With the expansion of our leadership we are creating more opportunities for all of our members. For instance, our marketing manager, Alfred, is reaching out to more properties and we are starting to have more restaurant tours. Our tours are there for our members to meet top industry professionals at the top restaurants in Vegas to learn firsthand what goes into running these premiere restaurants. Our first tour was of the Eiffel Tower Restaurant at the Paris Casino.

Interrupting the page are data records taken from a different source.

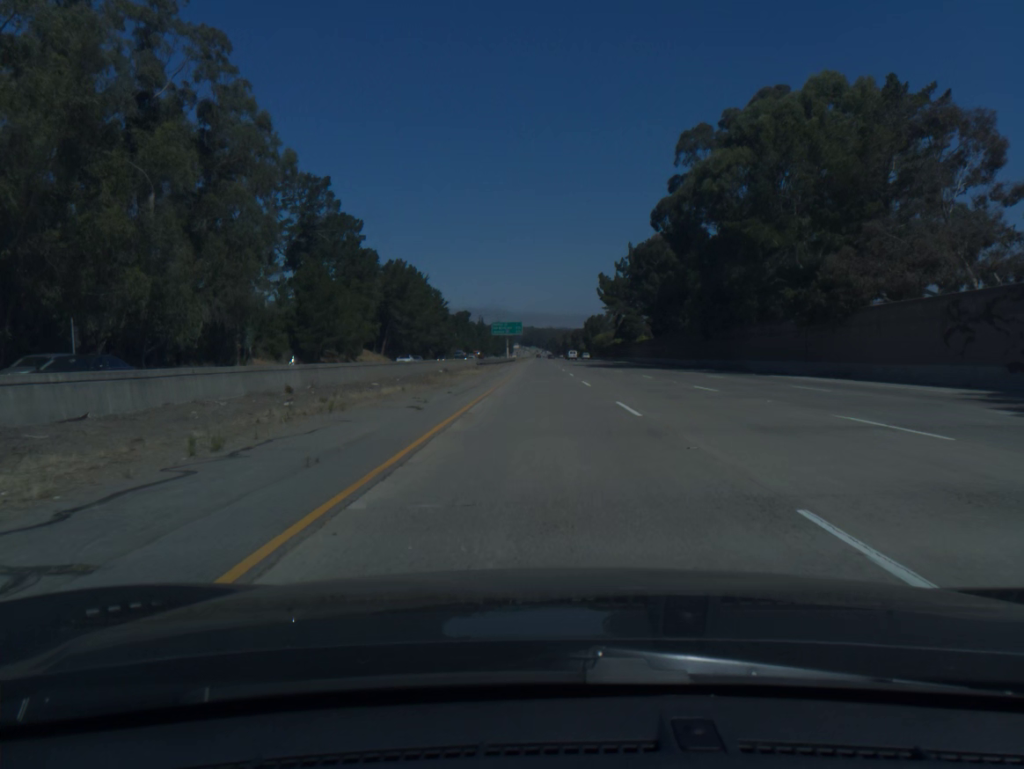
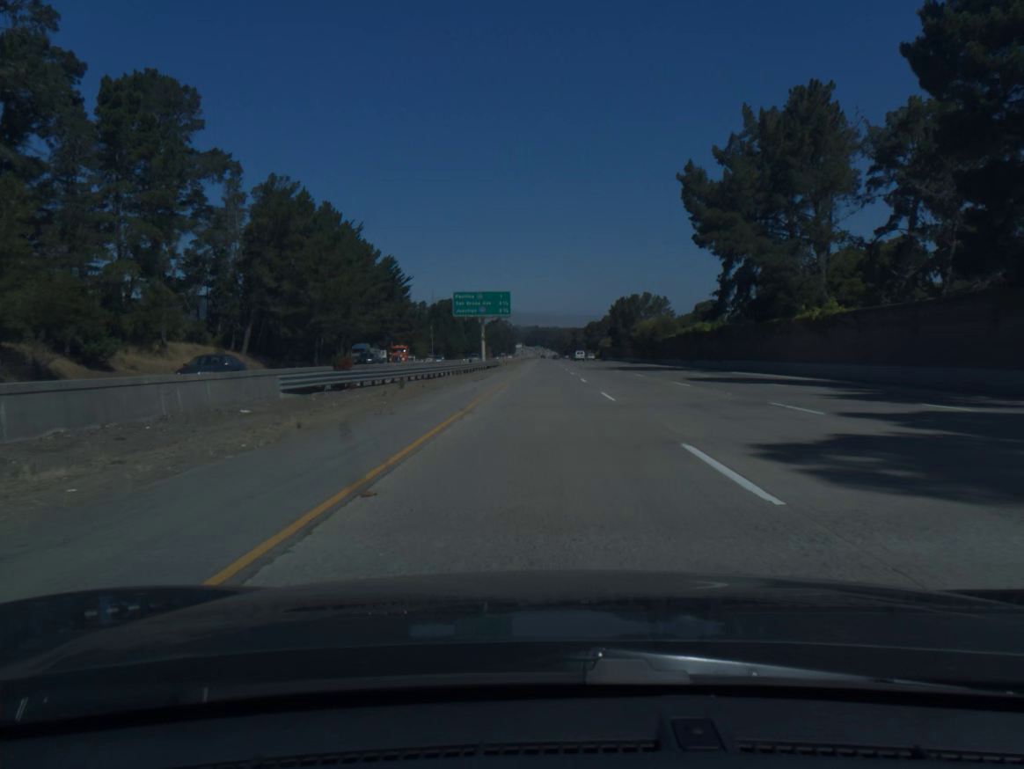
(-0.2, +82.5) m; 0°
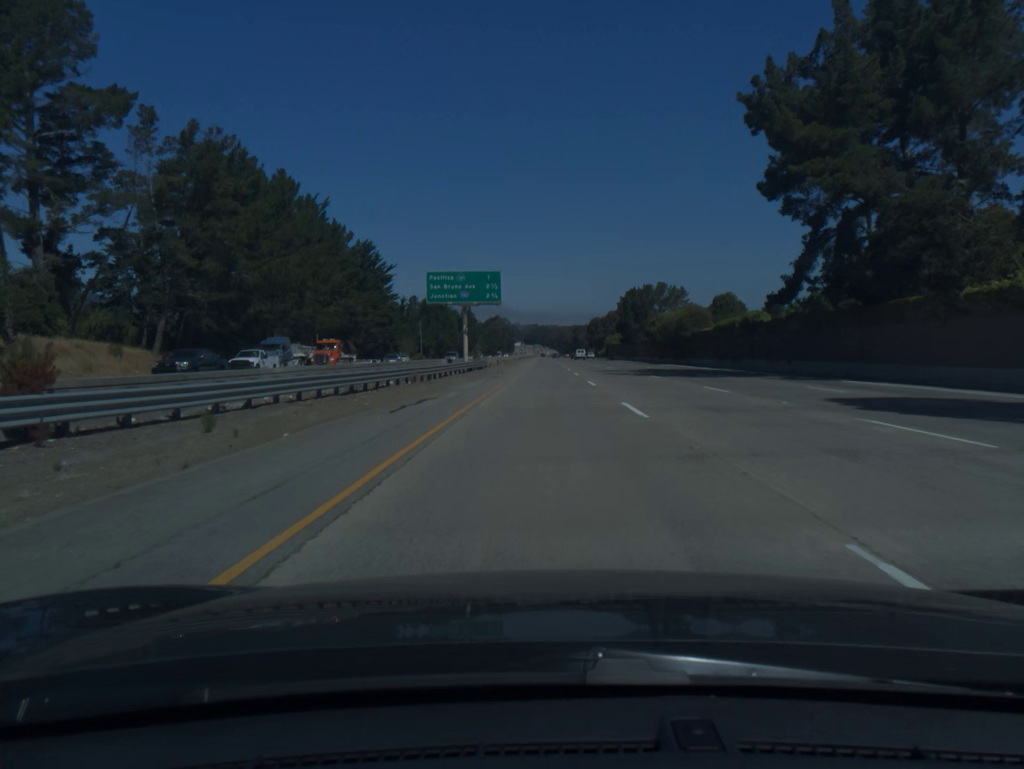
(0.0, +20.6) m; 0°
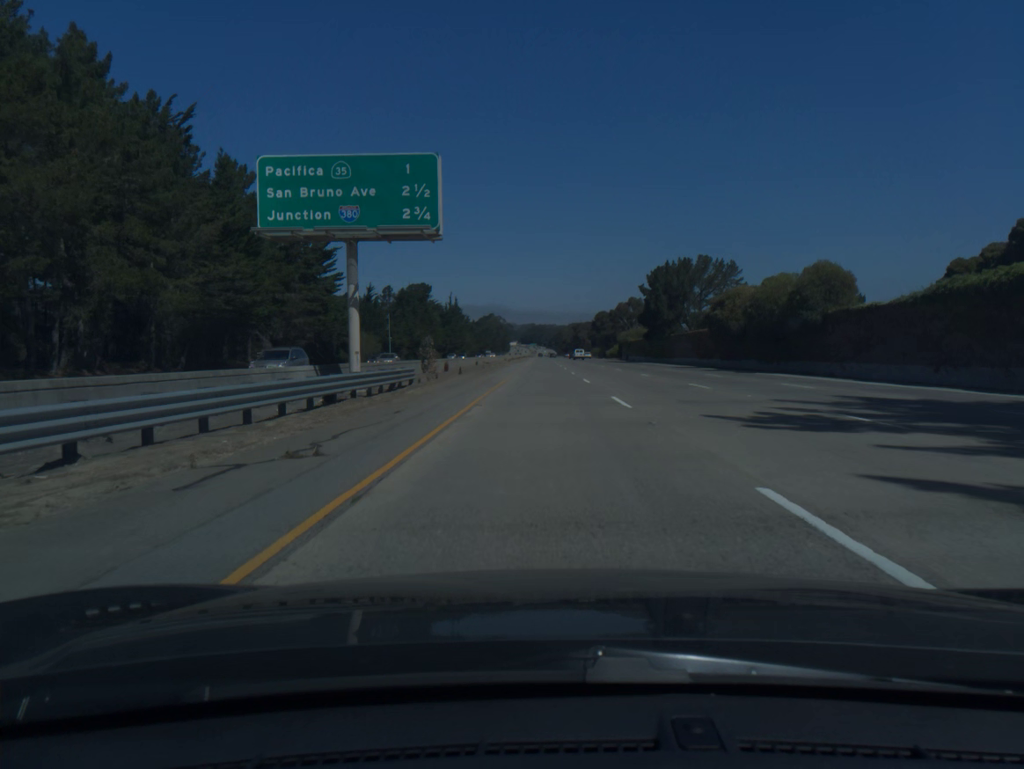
(+0.1, +41.2) m; 0°

The tour was a great success! Lyle Tolhurst, the restaurant’s divisional supervisor, led us on the tour of the restaurant. Coming out of the elevators we were greeted with a view of the kitchen and all of the cooks hard at work. It really gives a wow factor and sets off the dining experience with a bang. Turning to the right you can see the bar before making it over to the host stand. Walking past the host stand towards the dining room we were treated to the fantastic view that Eiffel Tower Restaurant is famous for. Mr. Tolhurst showed our members how they are continually evolving in how they operate their table reservation system, as the hottest seats in the house are the ones by the window overlooking the Bellagio Fountains. The way they do reservations now has increased their table turns per night. Mr. Tolhurst let us in on some top-secret information on which table he considers the best, but I will not be able to reveal that information here. Fun fact: the Eiffel Tower team sees about 4 to 5 proposals every night.
We got to meet the Executive Chef, Chef Joung Sohn, and she talked to us about the menu and how Eiffel Tower Restaurant strives to bring authentic French cuisine to Las Vegas. One thing that Chef Sohn told us is that a number of guests are surprised when coming to dine at Eiffel Tower, thinking that French cuisine is served in smaller, delicate portions. Chef went into detail about how they are always researching new trends in the food industry and are constantly evolving their menu to keep up with people’s ever-evolving curiosity for new flavors. The rack of lamb, the creme brulee, and the souffles came highly recommended from the team. Another fun fact is that Chef Sohn was one of the first female executive chefs on the Strip.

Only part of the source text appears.